• **EXERCISE OBJECTIVE**: Every record, apart from its pictures, should be repeated exactly.

──────── EXERCISE DATA

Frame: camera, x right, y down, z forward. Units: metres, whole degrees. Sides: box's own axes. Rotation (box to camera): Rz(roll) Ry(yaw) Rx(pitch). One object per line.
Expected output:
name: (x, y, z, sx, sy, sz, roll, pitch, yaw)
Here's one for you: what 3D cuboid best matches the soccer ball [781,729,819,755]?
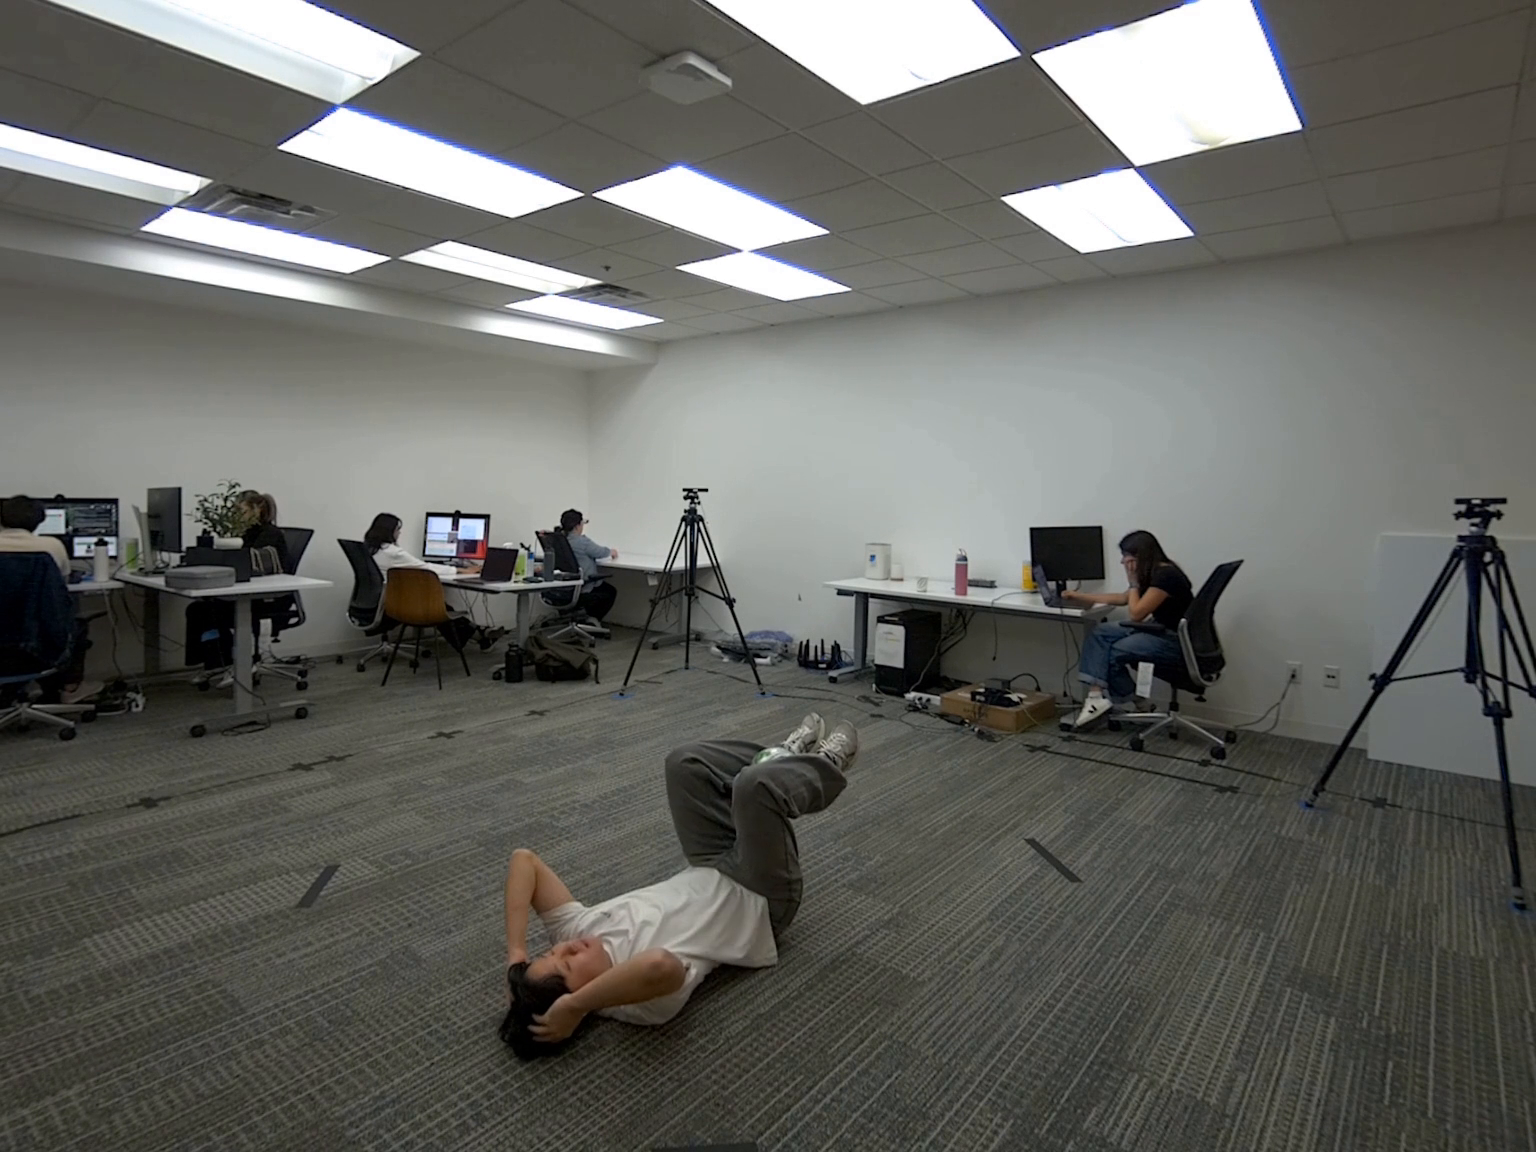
soccer ball: (0.033, 0.650, 2.759, 0.187, 0.187, 0.188, 1, 4, -2)

────────────────

• **EXERCISE OUTPUT**:
Frame: camera, x right, y down, z forward. Units: metres, whole degrees. Sides: box's own axes. Rotation (box to camera): Rz(roll) Ry(yaw) Rx(pitch). One object per line.
Expected output:
name: (x, y, z, sx, sy, sz, roll, pitch, yaw)
Here's one for you: what 3D cuboid best matches the soccer ball [781,729,819,755]?
soccer ball: (0.033, 0.650, 2.759, 0.187, 0.187, 0.188, 1, 4, -2)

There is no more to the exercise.